(Records from a data collection)
★ ★ ★

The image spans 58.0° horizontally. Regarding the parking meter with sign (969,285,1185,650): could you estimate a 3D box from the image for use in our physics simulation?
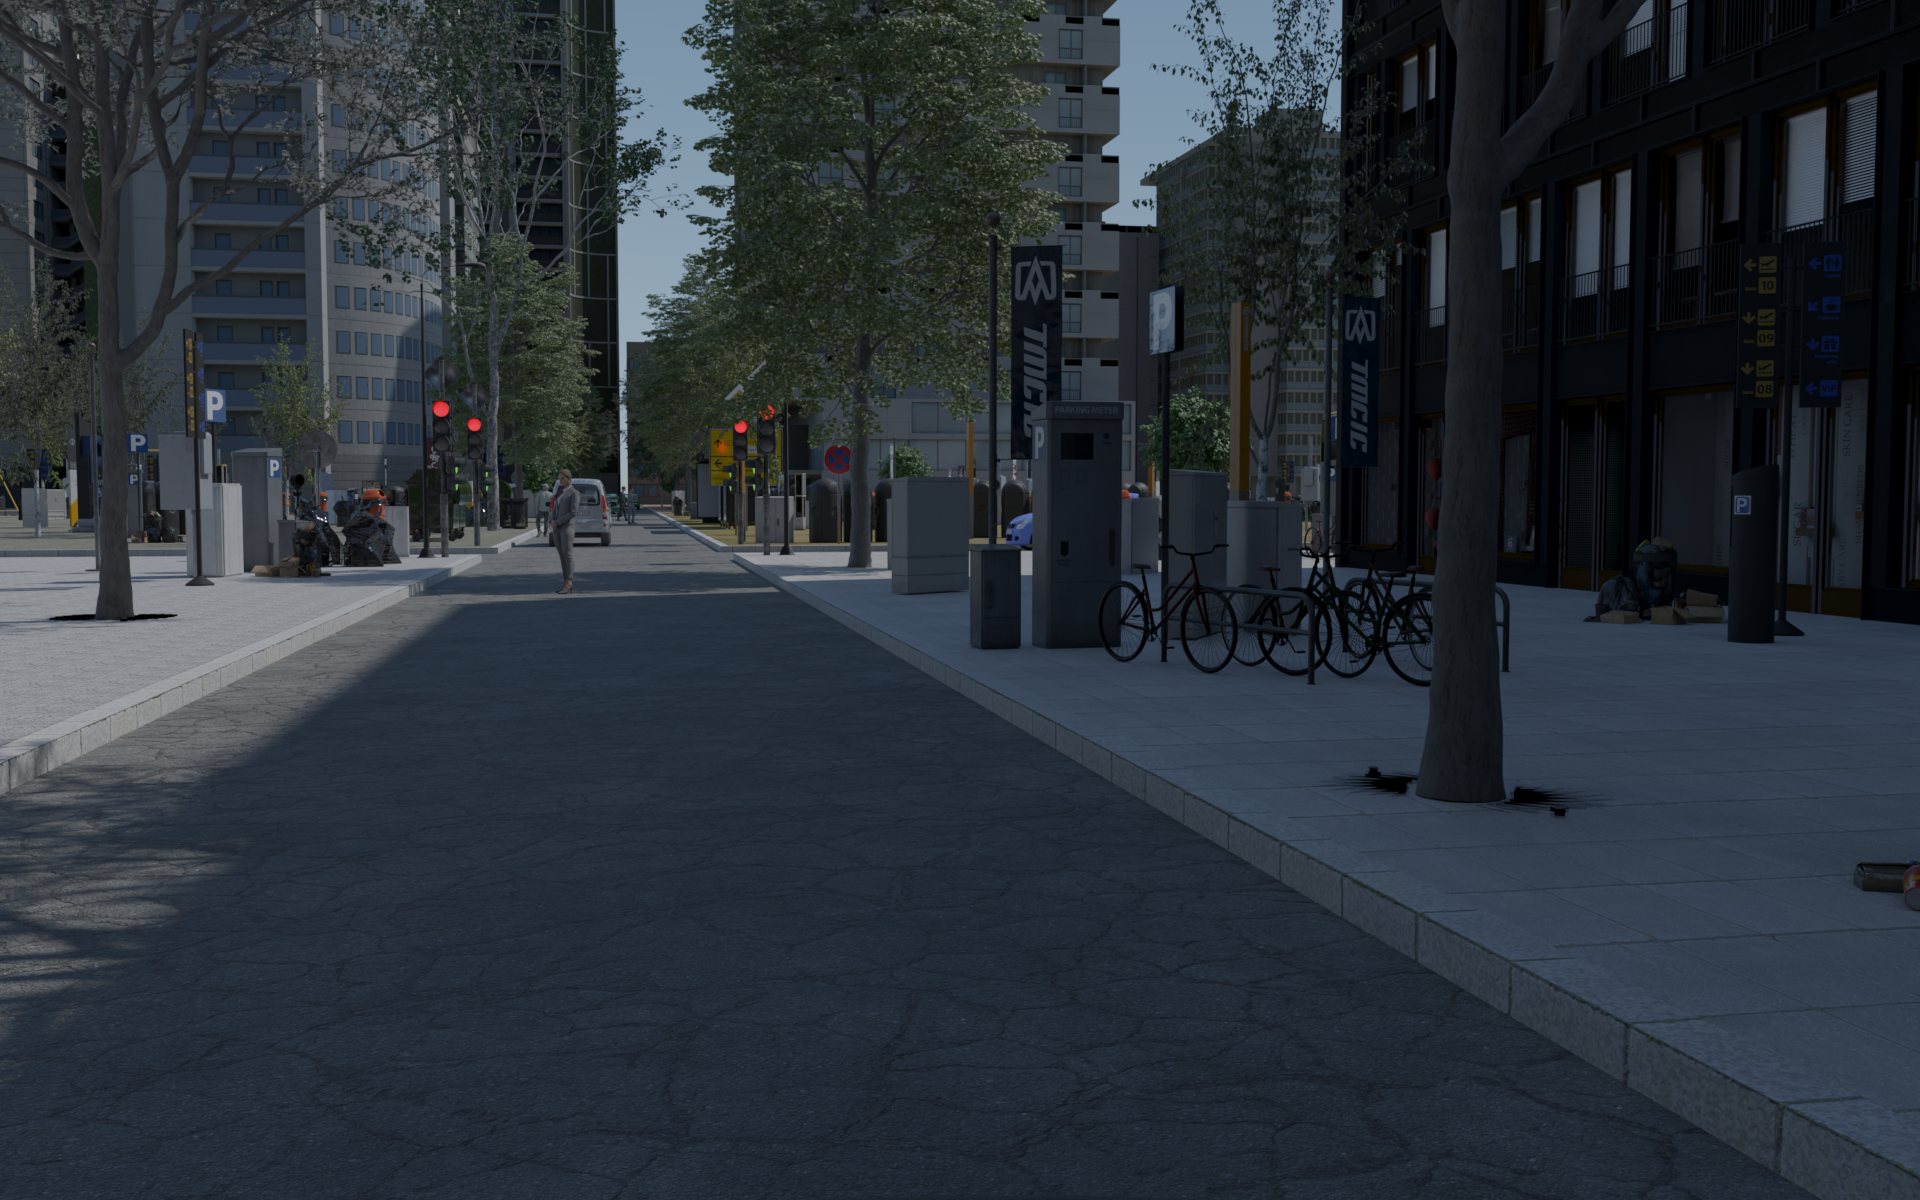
[{"bbox_3d":[0.963,-1.118,14.543,1.738,3.016,0.543,-1,4,-17],"label":"parking meter with sign"}]

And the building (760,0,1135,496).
[{"bbox_3d":[-2.366,-34.116,147.027,28.713,52.752,27.495,-1,4,-11],"label":"building"}]

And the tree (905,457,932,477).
[{"bbox_3d":[-2.214,-5.939,91.697,1.663,3.219,1.824,0,3,0],"label":"tree"}]

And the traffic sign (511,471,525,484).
[{"bbox_3d":[-23.918,-5.730,93.784,0.768,2.556,0.104,0,4,-5],"label":"traffic sign"}]

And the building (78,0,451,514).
[{"bbox_3d":[-48.952,-35.693,125.578,21.231,58.520,28.212,-1,4,-11],"label":"building"}]

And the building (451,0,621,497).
[{"bbox_3d":[-52.743,-47.428,213.700,20.611,71.187,20.563,-1,4,-11],"label":"building"}]

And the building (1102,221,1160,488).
[{"bbox_3d":[12.740,-25.396,186.925,14.107,30.474,14.160,-1,4,-11],"label":"building"}]

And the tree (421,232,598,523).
[{"bbox_3d":[-19.567,-9.653,75.960,7.486,12.596,7.792,0,3,0],"label":"tree"}]

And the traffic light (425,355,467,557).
[{"bbox_3d":[-10.413,-2.816,34.971,0.839,4.253,0.868,-1,4,-11],"label":"traffic light"}]

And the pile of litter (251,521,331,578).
[{"bbox_3d":[-10.441,-0.799,27.027,1.176,0.858,1.719,-1,4,-18],"label":"pile of litter"}]

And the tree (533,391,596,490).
[{"bbox_3d":[-26.900,-10.157,116.431,4.737,8.622,4.395,0,3,0],"label":"tree"}]

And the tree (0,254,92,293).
[{"bbox_3d":[-28.181,-6.227,52.172,4.360,8.622,3.978,0,3,0],"label":"tree"}]

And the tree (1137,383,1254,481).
[{"bbox_3d":[6.977,-4.125,51.161,4.285,4.588,4.351,0,3,0],"label":"tree"}]

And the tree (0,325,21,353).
[{"bbox_3d":[-26.850,-5.800,45.189,4.737,8.622,4.395,0,3,0],"label":"tree"}]

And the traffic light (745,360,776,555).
[{"bbox_3d":[-4.074,-2.893,36.221,0.839,4.253,0.868,-1,4,-11],"label":"traffic light"}]

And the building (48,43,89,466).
[{"bbox_3d":[-77.991,-31.666,167.857,14.200,45.320,14.600,-1,4,-11],"label":"building"}]

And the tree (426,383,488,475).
[{"bbox_3d":[-29.431,-9.293,102.304,4.360,8.622,3.978,0,3,0],"label":"tree"}]

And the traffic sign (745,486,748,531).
[{"bbox_3d":[-7.365,-3.652,59.708,0.884,2.594,0.081,0,4,-4],"label":"traffic sign"}]

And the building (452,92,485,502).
[{"bbox_3d":[-57.431,-28.776,162.364,23.993,40.220,32.217,-1,4,-11],"label":"building"}]

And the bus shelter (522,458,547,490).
[{"bbox_3d":[-26.102,-7.066,106.812,1.731,3.624,6.357,-1,4,-11],"label":"bus shelter"}]

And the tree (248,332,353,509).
[{"bbox_3d":[-30.411,-7.920,79.860,4.737,8.622,4.395,0,3,0],"label":"tree"}]

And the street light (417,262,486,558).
[{"bbox_3d":[-10.194,-3.805,34.752,1.470,5.913,1.316,-1,4,-11],"label":"street light"}]

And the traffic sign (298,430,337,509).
[{"bbox_3d":[-12.775,-2.101,34.460,0.768,2.556,0.104,0,4,-6],"label":"traffic sign"}]

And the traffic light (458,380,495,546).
[{"bbox_3d":[-11.945,-3.296,42.808,0.839,4.253,0.868,-1,4,-11],"label":"traffic light"}]

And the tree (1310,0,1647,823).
[{"bbox_3d":[2.252,-5.913,7.043,12.009,13.543,11.850,0,3,0],"label":"tree"}]

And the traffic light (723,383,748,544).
[{"bbox_3d":[-5.606,-3.372,44.058,0.839,4.253,0.868,-1,4,-11],"label":"traffic light"}]

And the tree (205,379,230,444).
[{"bbox_3d":[-48.662,-9.777,110.223,4.360,8.622,3.978,0,3,0],"label":"tree"}]

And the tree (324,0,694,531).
[{"bbox_3d":[-15.875,-12.566,61.346,12.611,20.169,13.585,0,3,0],"label":"tree"}]

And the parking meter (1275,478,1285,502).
[{"bbox_3d":[11.984,-3.617,64.851,0.255,1.863,0.399,-1,4,-13],"label":"parking meter"}]

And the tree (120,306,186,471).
[{"bbox_3d":[-32.030,-7.126,66.870,4.360,8.622,3.978,0,3,0],"label":"tree"}]

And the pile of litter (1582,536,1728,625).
[{"bbox_3d":[7.140,-0.211,17.411,1.719,0.858,1.176,1,4,11],"label":"pile of litter"}]

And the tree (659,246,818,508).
[{"bbox_3d":[-5.748,-6.075,49.688,4.737,8.622,4.395,0,3,0],"label":"tree"}]

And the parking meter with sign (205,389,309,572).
[{"bbox_3d":[-11.629,-1.981,28.651,1.738,3.016,0.543,1,4,15],"label":"parking meter with sign"}]

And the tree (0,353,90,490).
[{"bbox_3d":[-49.790,-8.808,94.374,4.737,8.622,4.395,0,3,0],"label":"tree"}]

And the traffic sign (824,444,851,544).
[{"bbox_3d":[-3.118,-2.720,44.570,0.768,2.556,0.104,-1,4,-8],"label":"traffic sign"}]

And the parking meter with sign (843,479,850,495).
[{"bbox_3d":[-5.563,-5.530,86.676,0.543,3.016,1.738,-1,4,-16],"label":"parking meter with sign"}]

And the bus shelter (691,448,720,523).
[{"bbox_3d":[-10.465,-4.937,74.649,2.014,3.302,5.546,-1,4,-11],"label":"bus shelter"}]

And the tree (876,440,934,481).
[{"bbox_3d":[-3.246,-7.325,103.485,4.285,4.588,4.351,0,3,0],"label":"tree"}]

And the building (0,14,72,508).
[{"bbox_3d":[-94.570,-44.214,161.159,20.611,71.187,20.563,-1,4,-11],"label":"building"}]

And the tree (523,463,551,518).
[{"bbox_3d":[-22.480,-5.960,92.055,1.663,3.219,1.824,0,3,0],"label":"tree"}]

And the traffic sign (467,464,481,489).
[{"bbox_3d":[-19.709,-4.333,70.852,0.884,2.594,0.081,0,4,-8],"label":"traffic sign"}]

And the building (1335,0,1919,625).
[{"bbox_3d":[14.133,-11.833,23.154,12.332,23.373,15.834,-1,4,-11],"label":"building"}]

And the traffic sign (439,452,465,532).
[{"bbox_3d":[-15.365,-3.198,52.396,0.768,2.556,0.104,0,4,-5],"label":"traffic sign"}]

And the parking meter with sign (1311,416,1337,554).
[{"bbox_3d":[8.180,-2.554,38.016,0.543,3.016,1.738,2,4,28],"label":"parking meter with sign"}]

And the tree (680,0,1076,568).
[{"bbox_3d":[-1.452,-6.862,30.314,7.486,12.596,7.792,0,3,0],"label":"tree"}]

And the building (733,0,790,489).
[{"bbox_3d":[-12.008,-38.612,173.299,21.231,58.520,28.212,-1,4,-11],"label":"building"}]

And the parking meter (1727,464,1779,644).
[{"bbox_3d":[6.858,-0.402,14.976,0.372,1.533,0.369,0,3,0],"label":"parking meter"}]

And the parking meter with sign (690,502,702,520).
[{"bbox_3d":[-12.901,-5.571,87.353,1.738,3.016,0.543,2,4,35],"label":"parking meter with sign"}]

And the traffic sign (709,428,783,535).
[{"bbox_3d":[-6.650,-3.669,53.866,2.265,3.308,0.079,-1,4,-9],"label":"traffic sign"}]

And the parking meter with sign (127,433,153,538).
[{"bbox_3d":[-24.170,-3.324,50.609,0.543,3.016,1.738,-3,4,-36],"label":"parking meter with sign"}]

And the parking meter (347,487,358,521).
[{"bbox_3d":[-22.012,-3.326,62.790,0.372,1.533,0.369,0,3,0],"label":"parking meter"}]

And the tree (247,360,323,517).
[{"bbox_3d":[-37.181,-8.874,95.450,4.360,8.622,3.978,0,3,0],"label":"tree"}]

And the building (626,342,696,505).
[{"bbox_3d":[-28.185,-23.132,223.251,28.899,21.520,27.650,-1,4,-11],"label":"building"}]

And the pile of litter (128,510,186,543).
[{"bbox_3d":[-21.281,-1.935,45.605,1.719,0.858,1.176,-1,4,-11],"label":"pile of litter"}]

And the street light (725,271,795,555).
[{"bbox_3d":[-4.180,-3.893,36.188,1.470,5.913,1.316,-1,4,-11],"label":"street light"}]

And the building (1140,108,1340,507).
[{"bbox_3d":[33.439,-29.905,180.831,23.993,40.220,32.217,-1,4,-11],"label":"building"}]

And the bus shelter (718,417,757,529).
[{"bbox_3d":[-8.455,-5.480,67.228,2.179,5.291,8.768,-1,4,-11],"label":"bus shelter"}]

★ ★ ★

- [What to work on] Only the lines from the one that contains "And the tree (247,360,323,517)." to the end of the entries above should be given again, exactly and in full.

- [Task output]
And the tree (247,360,323,517).
[{"bbox_3d":[-37.181,-8.874,95.450,4.360,8.622,3.978,0,3,0],"label":"tree"}]

And the building (626,342,696,505).
[{"bbox_3d":[-28.185,-23.132,223.251,28.899,21.520,27.650,-1,4,-11],"label":"building"}]

And the pile of litter (128,510,186,543).
[{"bbox_3d":[-21.281,-1.935,45.605,1.719,0.858,1.176,-1,4,-11],"label":"pile of litter"}]

And the street light (725,271,795,555).
[{"bbox_3d":[-4.180,-3.893,36.188,1.470,5.913,1.316,-1,4,-11],"label":"street light"}]

And the building (1140,108,1340,507).
[{"bbox_3d":[33.439,-29.905,180.831,23.993,40.220,32.217,-1,4,-11],"label":"building"}]

And the bus shelter (718,417,757,529).
[{"bbox_3d":[-8.455,-5.480,67.228,2.179,5.291,8.768,-1,4,-11],"label":"bus shelter"}]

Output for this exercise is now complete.